MATERIAL FOR THE TASK Block Start
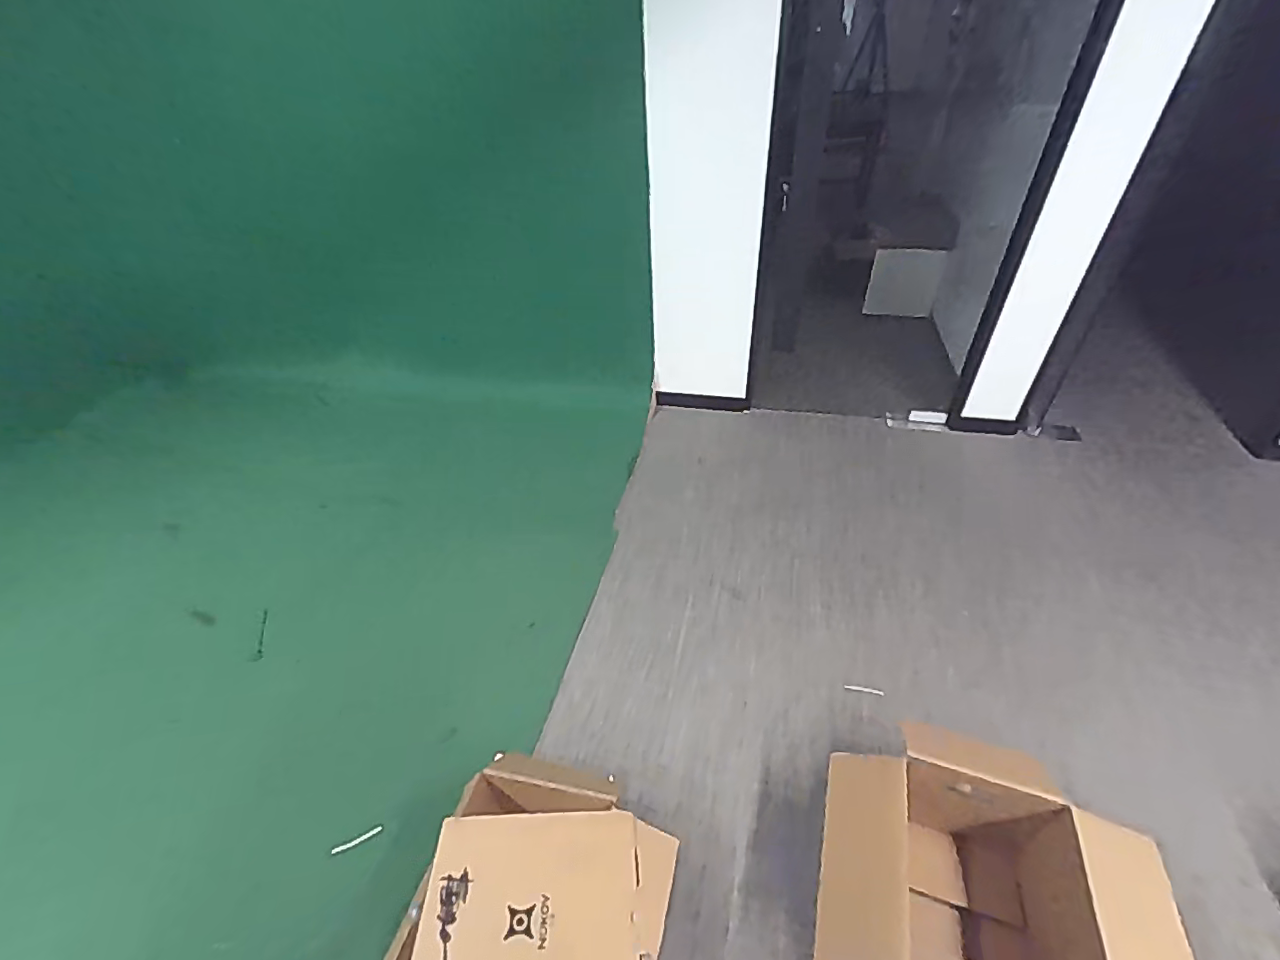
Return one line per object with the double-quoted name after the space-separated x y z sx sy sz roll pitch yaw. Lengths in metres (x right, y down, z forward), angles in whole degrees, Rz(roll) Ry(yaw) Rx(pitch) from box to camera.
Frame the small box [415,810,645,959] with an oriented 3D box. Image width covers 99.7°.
-0.091 0.419 0.473 0.179 0.176 0.168 3 31 -4 "small box"
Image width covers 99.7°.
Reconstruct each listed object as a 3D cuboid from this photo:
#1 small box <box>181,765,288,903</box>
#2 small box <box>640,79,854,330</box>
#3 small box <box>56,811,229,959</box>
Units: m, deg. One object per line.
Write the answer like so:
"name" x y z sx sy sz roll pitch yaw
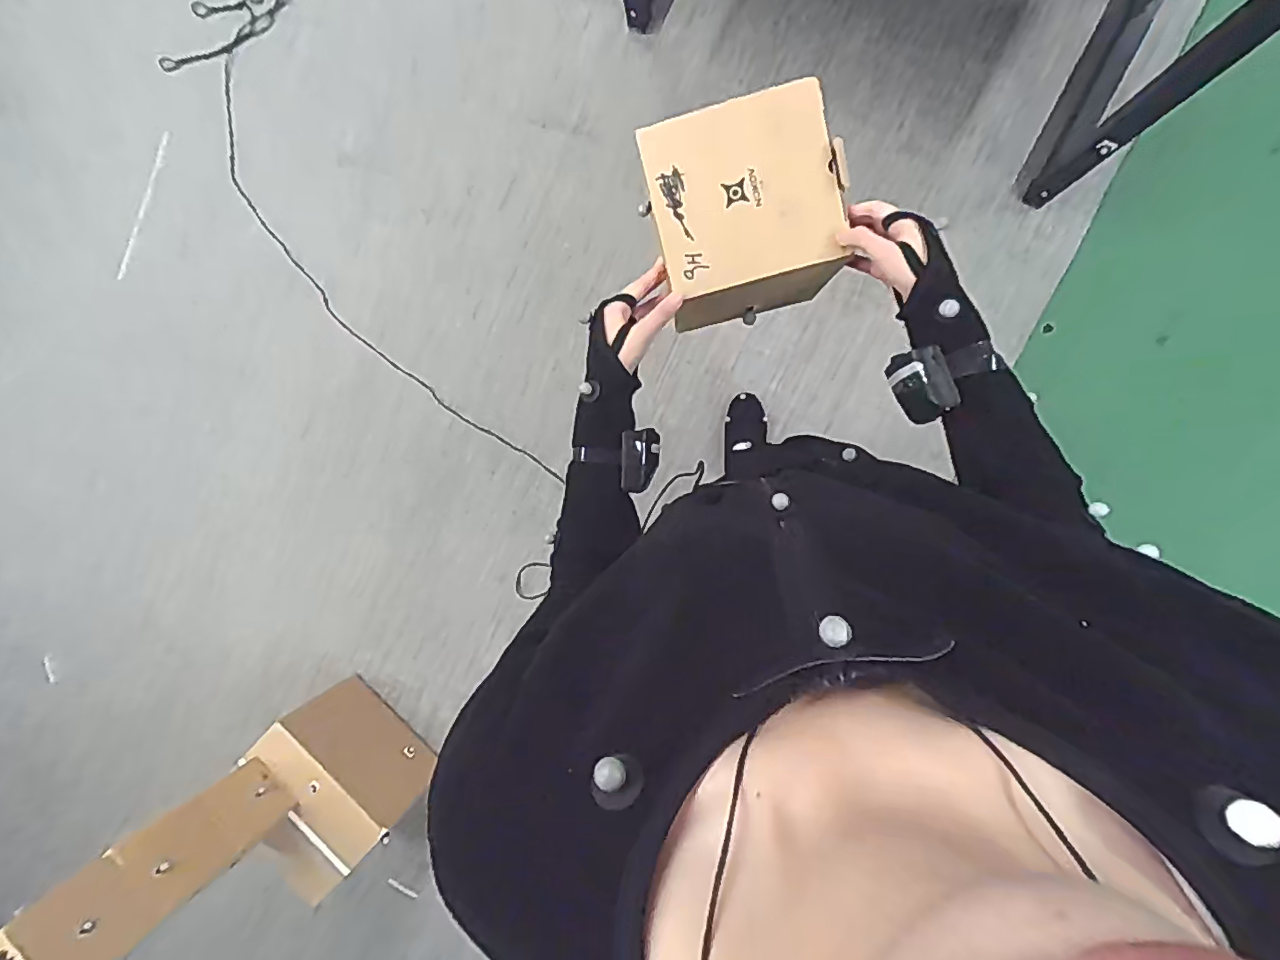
MATERIAL FOR THE TASK Block End
ASSIGNMENT:
Please print every record above exactly, but leave the pictures out.

ANSWER BELOW:
Return one line per object with the double-quoted name after the space-separated x y z sx sy sz roll pitch yaw. Lengths in metres (x right, y down, z forward), angles in whole degrees, Rz(roll) Ry(yaw) Rx(pitch) from box to camera.
Frame the small box [415,810,645,959] with an oriented 3D box. Image width covers 99.7°.
-0.091 0.419 0.473 0.179 0.176 0.168 3 31 -4 "small box"
Image width covers 99.7°.
Reconstruct each listed object as a 3D cuboid from this photo:
#1 small box <box>181,765,288,903</box>
#2 small box <box>640,79,854,330</box>
#3 small box <box>56,811,229,959</box>
Units: m, deg. One object per line.
Write the answer like so:
"name" x y z sx sy sz roll pitch yaw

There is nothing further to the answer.